● **Task goal**
Below are the entries; count the lines in them that contain the word "amount" and give only the number.
Content starts
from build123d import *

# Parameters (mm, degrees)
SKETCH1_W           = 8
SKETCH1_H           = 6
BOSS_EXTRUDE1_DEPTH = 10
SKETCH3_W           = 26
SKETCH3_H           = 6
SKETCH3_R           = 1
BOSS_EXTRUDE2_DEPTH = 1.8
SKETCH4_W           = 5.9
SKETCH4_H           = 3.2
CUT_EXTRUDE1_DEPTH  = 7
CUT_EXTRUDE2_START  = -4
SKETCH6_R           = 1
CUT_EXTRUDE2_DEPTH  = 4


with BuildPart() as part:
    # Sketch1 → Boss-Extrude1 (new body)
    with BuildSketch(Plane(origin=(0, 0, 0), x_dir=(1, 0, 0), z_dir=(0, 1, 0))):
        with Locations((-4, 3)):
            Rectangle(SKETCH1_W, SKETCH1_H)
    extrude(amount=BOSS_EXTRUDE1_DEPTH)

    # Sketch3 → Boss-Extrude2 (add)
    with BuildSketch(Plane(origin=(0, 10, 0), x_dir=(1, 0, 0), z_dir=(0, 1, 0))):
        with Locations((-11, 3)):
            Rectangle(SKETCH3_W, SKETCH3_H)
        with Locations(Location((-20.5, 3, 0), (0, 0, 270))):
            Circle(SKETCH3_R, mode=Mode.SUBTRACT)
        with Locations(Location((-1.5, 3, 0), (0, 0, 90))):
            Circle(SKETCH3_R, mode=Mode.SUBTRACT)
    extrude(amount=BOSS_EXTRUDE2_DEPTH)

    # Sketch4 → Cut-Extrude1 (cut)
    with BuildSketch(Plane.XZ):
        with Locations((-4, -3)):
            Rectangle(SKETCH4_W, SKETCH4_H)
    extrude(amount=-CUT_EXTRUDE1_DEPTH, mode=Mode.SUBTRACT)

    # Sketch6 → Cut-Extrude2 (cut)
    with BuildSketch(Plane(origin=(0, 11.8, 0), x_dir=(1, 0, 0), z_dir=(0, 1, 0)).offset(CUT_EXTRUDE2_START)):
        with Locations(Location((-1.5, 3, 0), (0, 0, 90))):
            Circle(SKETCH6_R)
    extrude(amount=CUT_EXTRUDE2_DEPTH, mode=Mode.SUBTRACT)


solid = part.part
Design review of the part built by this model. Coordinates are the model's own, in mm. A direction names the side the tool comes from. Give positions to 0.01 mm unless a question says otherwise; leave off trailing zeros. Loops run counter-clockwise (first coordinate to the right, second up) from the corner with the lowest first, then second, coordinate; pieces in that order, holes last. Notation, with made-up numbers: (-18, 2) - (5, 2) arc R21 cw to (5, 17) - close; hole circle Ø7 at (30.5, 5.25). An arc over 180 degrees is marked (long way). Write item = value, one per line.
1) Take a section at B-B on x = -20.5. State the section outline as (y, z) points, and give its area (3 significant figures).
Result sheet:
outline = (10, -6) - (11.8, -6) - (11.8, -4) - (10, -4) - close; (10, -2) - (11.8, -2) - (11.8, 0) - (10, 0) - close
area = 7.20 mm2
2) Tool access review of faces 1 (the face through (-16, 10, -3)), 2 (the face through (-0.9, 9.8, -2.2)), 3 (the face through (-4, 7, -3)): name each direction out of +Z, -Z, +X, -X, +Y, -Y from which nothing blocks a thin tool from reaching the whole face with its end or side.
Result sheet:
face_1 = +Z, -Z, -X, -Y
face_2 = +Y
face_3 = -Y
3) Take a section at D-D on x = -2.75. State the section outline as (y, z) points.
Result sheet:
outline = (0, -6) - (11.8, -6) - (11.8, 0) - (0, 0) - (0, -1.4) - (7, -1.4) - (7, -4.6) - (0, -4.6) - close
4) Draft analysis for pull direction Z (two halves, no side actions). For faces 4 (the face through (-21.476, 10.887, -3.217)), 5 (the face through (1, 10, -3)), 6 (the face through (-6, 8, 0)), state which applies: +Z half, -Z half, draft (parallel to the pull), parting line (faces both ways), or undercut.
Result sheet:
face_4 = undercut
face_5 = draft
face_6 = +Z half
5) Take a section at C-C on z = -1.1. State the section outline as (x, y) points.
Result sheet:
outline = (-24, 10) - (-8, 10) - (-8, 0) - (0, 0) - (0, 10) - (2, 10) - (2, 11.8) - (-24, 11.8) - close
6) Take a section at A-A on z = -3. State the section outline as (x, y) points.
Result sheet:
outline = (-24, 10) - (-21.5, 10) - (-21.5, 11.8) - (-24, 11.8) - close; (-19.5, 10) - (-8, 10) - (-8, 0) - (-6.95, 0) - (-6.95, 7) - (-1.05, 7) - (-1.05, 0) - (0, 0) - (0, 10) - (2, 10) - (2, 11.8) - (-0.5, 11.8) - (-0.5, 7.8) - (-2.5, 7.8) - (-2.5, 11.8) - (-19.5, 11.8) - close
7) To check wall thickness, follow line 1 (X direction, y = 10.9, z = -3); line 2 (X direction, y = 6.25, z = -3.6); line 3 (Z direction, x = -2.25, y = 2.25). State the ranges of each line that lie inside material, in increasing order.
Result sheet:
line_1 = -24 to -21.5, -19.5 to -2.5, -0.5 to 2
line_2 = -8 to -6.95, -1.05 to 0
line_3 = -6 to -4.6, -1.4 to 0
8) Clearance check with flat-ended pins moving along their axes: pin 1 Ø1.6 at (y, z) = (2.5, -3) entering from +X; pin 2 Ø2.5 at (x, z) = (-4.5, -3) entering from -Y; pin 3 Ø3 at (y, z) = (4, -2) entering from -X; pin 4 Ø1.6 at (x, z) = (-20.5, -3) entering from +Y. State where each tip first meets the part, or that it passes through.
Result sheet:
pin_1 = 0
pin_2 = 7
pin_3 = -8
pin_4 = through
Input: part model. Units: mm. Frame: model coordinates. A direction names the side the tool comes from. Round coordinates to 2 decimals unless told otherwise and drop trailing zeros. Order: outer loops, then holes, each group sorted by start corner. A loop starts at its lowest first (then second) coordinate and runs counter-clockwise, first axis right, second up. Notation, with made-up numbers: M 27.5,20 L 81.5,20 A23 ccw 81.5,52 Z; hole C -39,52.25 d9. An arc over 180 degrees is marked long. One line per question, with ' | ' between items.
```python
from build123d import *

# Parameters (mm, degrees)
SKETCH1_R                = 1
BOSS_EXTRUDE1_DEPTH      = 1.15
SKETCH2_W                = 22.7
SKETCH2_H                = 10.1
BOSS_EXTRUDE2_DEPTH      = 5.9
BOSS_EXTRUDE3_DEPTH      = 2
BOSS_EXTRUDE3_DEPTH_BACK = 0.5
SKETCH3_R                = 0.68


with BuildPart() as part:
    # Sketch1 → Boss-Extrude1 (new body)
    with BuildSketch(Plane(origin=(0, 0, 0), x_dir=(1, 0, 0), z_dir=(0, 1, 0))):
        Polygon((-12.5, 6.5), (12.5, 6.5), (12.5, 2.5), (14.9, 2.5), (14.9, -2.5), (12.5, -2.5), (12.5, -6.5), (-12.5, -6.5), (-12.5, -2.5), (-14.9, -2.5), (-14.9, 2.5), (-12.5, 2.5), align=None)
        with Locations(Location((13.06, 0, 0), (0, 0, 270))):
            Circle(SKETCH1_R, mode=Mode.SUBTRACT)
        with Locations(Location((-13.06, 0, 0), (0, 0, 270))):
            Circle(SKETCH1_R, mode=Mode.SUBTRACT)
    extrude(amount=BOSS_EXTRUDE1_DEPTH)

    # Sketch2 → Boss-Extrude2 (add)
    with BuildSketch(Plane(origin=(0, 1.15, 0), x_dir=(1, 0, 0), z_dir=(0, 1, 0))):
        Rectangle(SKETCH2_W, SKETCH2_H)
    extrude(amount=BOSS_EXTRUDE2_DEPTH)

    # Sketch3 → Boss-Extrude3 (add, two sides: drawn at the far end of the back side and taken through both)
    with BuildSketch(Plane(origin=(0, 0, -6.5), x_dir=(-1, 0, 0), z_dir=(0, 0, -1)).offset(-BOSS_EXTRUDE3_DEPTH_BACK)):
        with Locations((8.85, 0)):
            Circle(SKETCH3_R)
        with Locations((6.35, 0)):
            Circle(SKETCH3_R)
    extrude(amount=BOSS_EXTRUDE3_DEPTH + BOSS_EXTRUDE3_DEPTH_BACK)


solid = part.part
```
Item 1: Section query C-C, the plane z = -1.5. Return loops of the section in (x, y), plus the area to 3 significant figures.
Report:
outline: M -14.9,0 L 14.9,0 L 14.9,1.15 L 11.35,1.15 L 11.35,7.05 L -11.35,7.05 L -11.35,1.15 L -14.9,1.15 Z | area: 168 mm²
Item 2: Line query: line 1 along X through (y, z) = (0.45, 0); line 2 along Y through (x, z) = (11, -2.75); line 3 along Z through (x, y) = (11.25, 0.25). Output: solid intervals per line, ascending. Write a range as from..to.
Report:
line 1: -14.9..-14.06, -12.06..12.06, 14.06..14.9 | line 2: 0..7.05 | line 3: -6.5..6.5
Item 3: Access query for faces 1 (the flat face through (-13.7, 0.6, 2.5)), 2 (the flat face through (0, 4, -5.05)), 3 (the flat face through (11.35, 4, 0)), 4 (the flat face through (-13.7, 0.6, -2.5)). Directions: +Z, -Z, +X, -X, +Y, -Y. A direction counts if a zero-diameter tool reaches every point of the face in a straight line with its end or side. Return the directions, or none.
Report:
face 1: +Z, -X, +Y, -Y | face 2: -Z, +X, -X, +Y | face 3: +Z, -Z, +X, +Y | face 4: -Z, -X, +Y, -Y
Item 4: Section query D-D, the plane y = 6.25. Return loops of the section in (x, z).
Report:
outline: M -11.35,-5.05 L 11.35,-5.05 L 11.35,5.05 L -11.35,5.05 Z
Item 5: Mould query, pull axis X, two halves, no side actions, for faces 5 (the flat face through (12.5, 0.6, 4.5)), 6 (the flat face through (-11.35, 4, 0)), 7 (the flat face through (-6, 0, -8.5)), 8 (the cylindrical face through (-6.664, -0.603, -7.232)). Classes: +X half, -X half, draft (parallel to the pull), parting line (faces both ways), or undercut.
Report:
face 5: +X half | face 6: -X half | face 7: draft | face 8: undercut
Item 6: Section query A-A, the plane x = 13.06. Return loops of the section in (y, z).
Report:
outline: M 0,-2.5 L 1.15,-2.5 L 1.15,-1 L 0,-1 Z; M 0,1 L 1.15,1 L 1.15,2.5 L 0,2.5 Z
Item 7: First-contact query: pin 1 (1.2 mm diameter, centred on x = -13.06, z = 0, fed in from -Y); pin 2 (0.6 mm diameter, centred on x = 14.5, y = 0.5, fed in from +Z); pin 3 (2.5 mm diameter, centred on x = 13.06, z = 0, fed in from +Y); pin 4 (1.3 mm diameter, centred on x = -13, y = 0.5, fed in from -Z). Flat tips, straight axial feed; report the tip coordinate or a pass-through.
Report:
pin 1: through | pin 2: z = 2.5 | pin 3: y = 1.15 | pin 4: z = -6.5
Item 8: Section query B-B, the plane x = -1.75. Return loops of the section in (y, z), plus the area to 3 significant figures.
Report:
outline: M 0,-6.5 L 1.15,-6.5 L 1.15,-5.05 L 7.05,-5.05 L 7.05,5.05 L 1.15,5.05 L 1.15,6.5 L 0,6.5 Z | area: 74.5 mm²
Content ends
● **Answer below**
7